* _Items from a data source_
----------

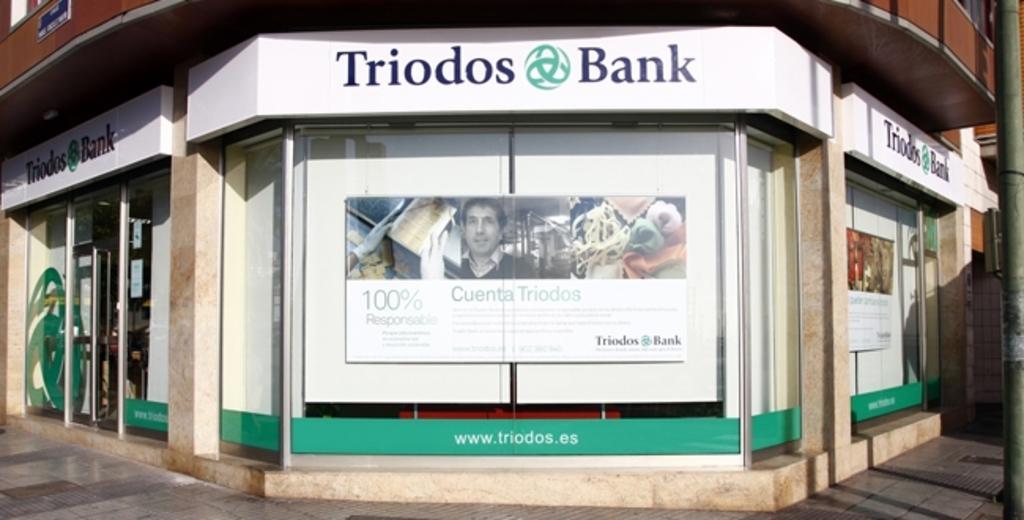In one or two sentences, can you explain what this image depicts? There is a poster in the center of the image and there is a door on the left side.''Triodos bank'' is written on the posters and there is a pole on the right side. 
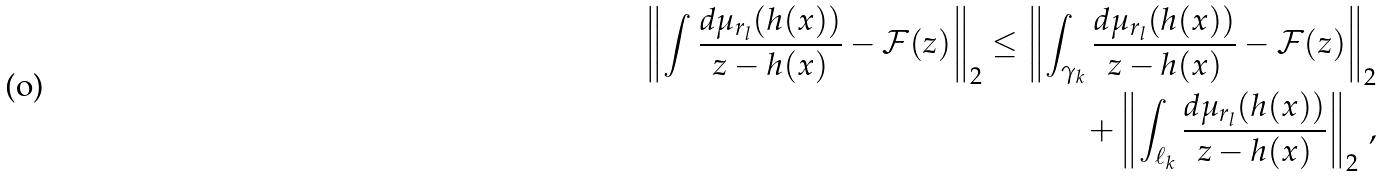<formula> <loc_0><loc_0><loc_500><loc_500>\left \| \int \frac { d \mu _ { r _ { l } } ( h ( x ) ) } { z - h ( x ) } - { \mathcal { F } } ( z ) \right \| _ { 2 } \leq \left \| \int _ { \gamma _ { k } } \frac { d \mu _ { r _ { l } } ( h ( x ) ) } { z - h ( x ) } - { \mathcal { F } } ( z ) \right \| _ { 2 } \\ + \left \| \int _ { \ell _ { k } } \frac { d \mu _ { r _ { l } } ( h ( x ) ) } { z - h ( x ) } \right \| _ { 2 } \, ,</formula> 
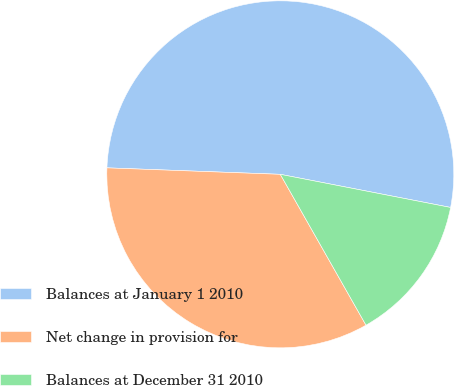Convert chart. <chart><loc_0><loc_0><loc_500><loc_500><pie_chart><fcel>Balances at January 1 2010<fcel>Net change in provision for<fcel>Balances at December 31 2010<nl><fcel>52.47%<fcel>33.82%<fcel>13.72%<nl></chart> 
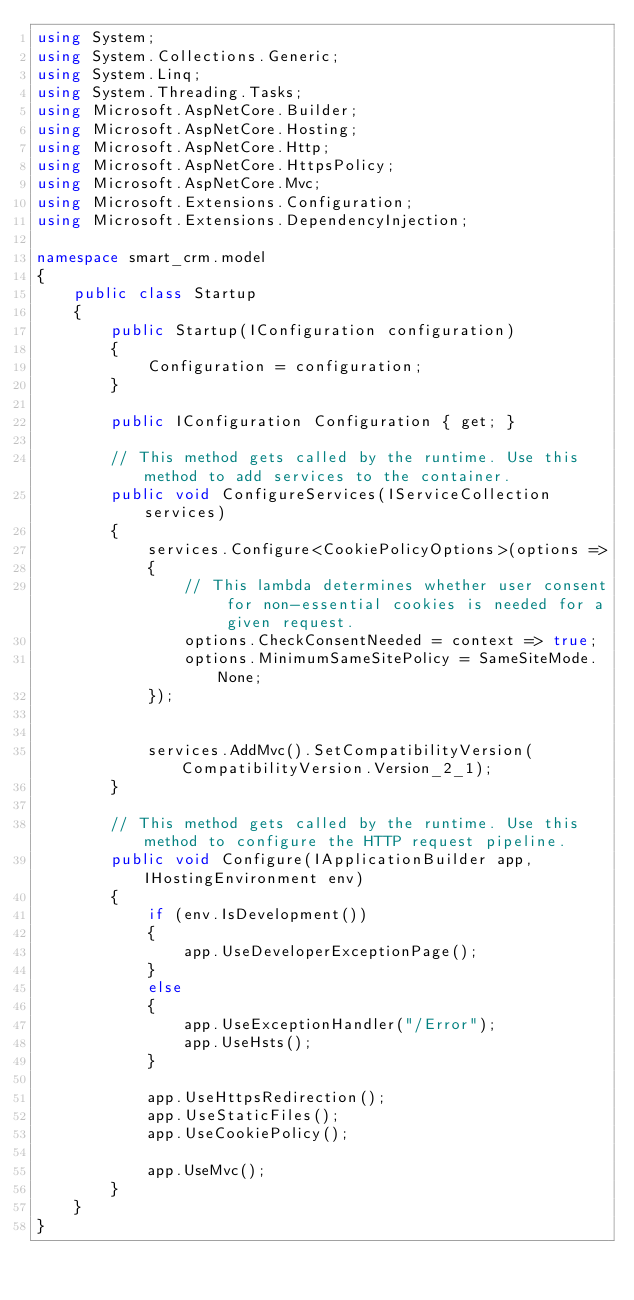<code> <loc_0><loc_0><loc_500><loc_500><_C#_>using System;
using System.Collections.Generic;
using System.Linq;
using System.Threading.Tasks;
using Microsoft.AspNetCore.Builder;
using Microsoft.AspNetCore.Hosting;
using Microsoft.AspNetCore.Http;
using Microsoft.AspNetCore.HttpsPolicy;
using Microsoft.AspNetCore.Mvc;
using Microsoft.Extensions.Configuration;
using Microsoft.Extensions.DependencyInjection;

namespace smart_crm.model
{
    public class Startup
    {
        public Startup(IConfiguration configuration)
        {
            Configuration = configuration;
        }

        public IConfiguration Configuration { get; }

        // This method gets called by the runtime. Use this method to add services to the container.
        public void ConfigureServices(IServiceCollection services)
        {
            services.Configure<CookiePolicyOptions>(options =>
            {
                // This lambda determines whether user consent for non-essential cookies is needed for a given request.
                options.CheckConsentNeeded = context => true;
                options.MinimumSameSitePolicy = SameSiteMode.None;
            });


            services.AddMvc().SetCompatibilityVersion(CompatibilityVersion.Version_2_1);
        }

        // This method gets called by the runtime. Use this method to configure the HTTP request pipeline.
        public void Configure(IApplicationBuilder app, IHostingEnvironment env)
        {
            if (env.IsDevelopment())
            {
                app.UseDeveloperExceptionPage();
            }
            else
            {
                app.UseExceptionHandler("/Error");
                app.UseHsts();
            }

            app.UseHttpsRedirection();
            app.UseStaticFiles();
            app.UseCookiePolicy();

            app.UseMvc();
        }
    }
}
</code> 
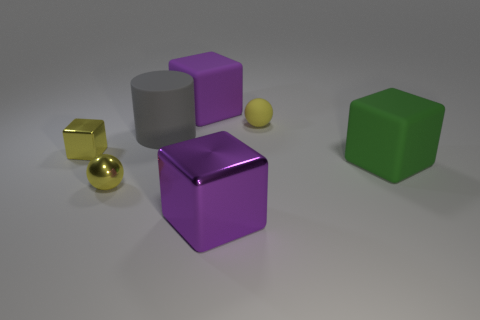Subtract all cyan blocks. Subtract all red cylinders. How many blocks are left? 4 Add 2 big cubes. How many objects exist? 9 Subtract all cylinders. How many objects are left? 6 Subtract all small brown shiny spheres. Subtract all small metal objects. How many objects are left? 5 Add 1 big green cubes. How many big green cubes are left? 2 Add 5 brown rubber objects. How many brown rubber objects exist? 5 Subtract 0 purple cylinders. How many objects are left? 7 
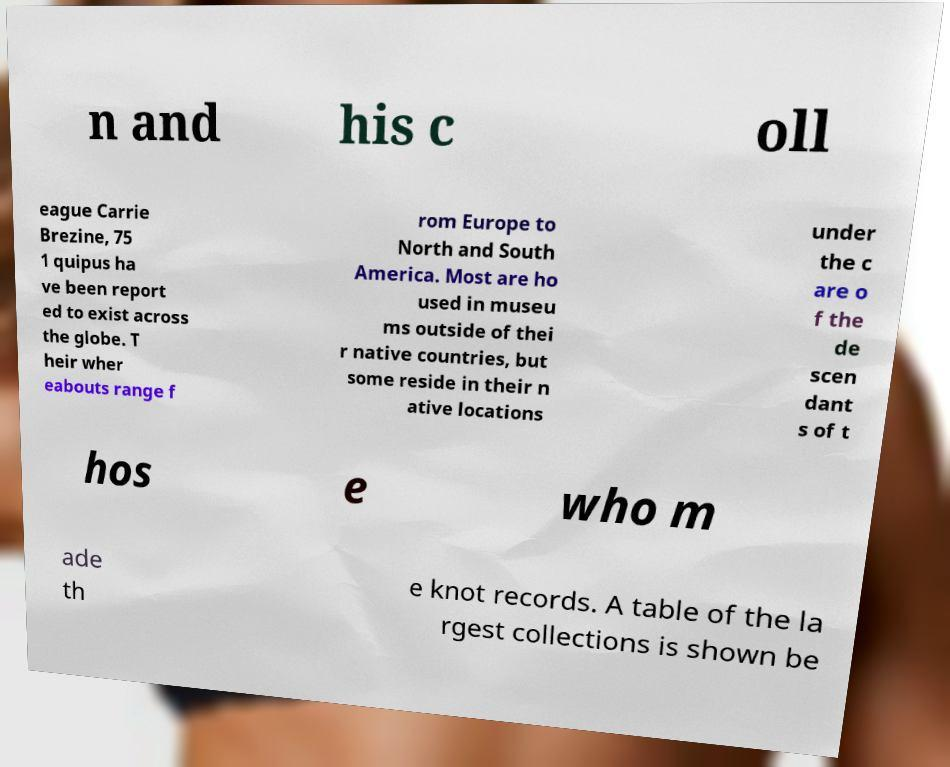Please identify and transcribe the text found in this image. n and his c oll eague Carrie Brezine, 75 1 quipus ha ve been report ed to exist across the globe. T heir wher eabouts range f rom Europe to North and South America. Most are ho used in museu ms outside of thei r native countries, but some reside in their n ative locations under the c are o f the de scen dant s of t hos e who m ade th e knot records. A table of the la rgest collections is shown be 
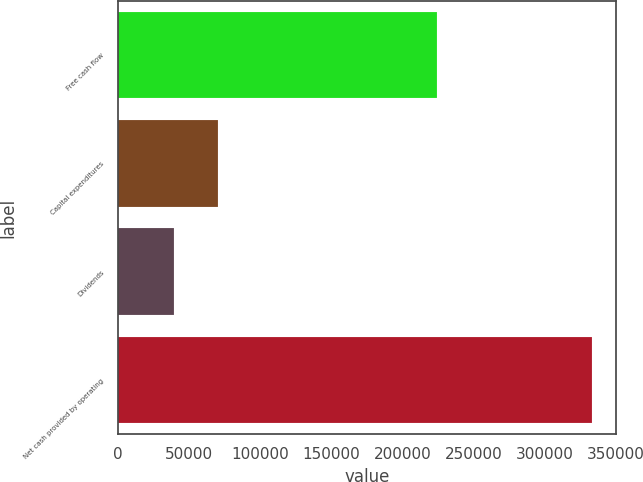Convert chart. <chart><loc_0><loc_0><loc_500><loc_500><bar_chart><fcel>Free cash flow<fcel>Capital expenditures<fcel>Dividends<fcel>Net cash provided by operating<nl><fcel>224288<fcel>69851<fcel>39320<fcel>333459<nl></chart> 
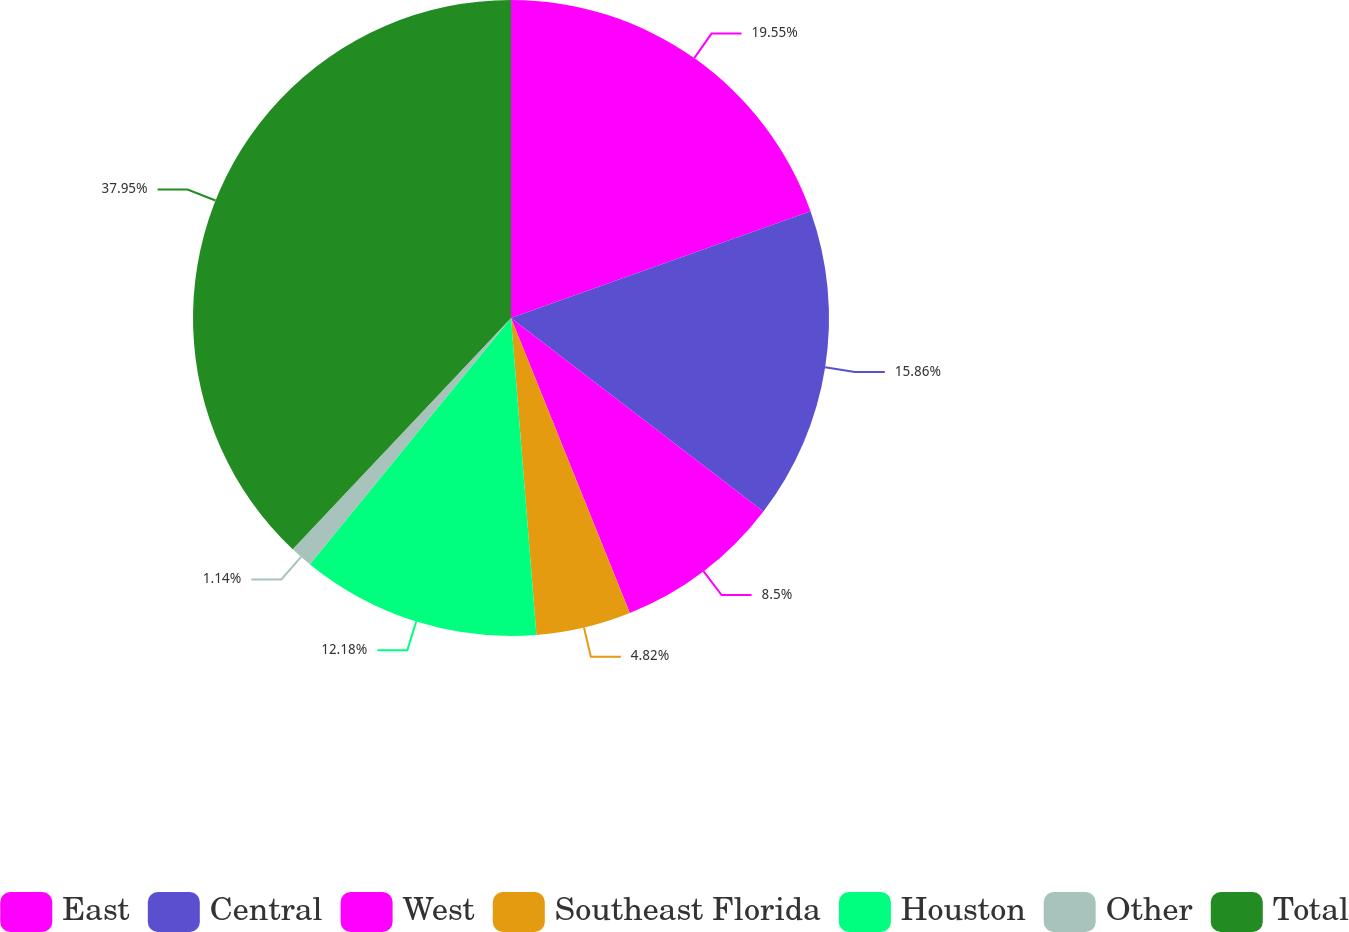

----------

* _The task_
Lines above that include the string "void" need to be copied.

* _Answer box_
        public void ConfigureServices(IServiceCollection services)
        public void Configure(IApplicationBuilder app, IHostingEnvironment env)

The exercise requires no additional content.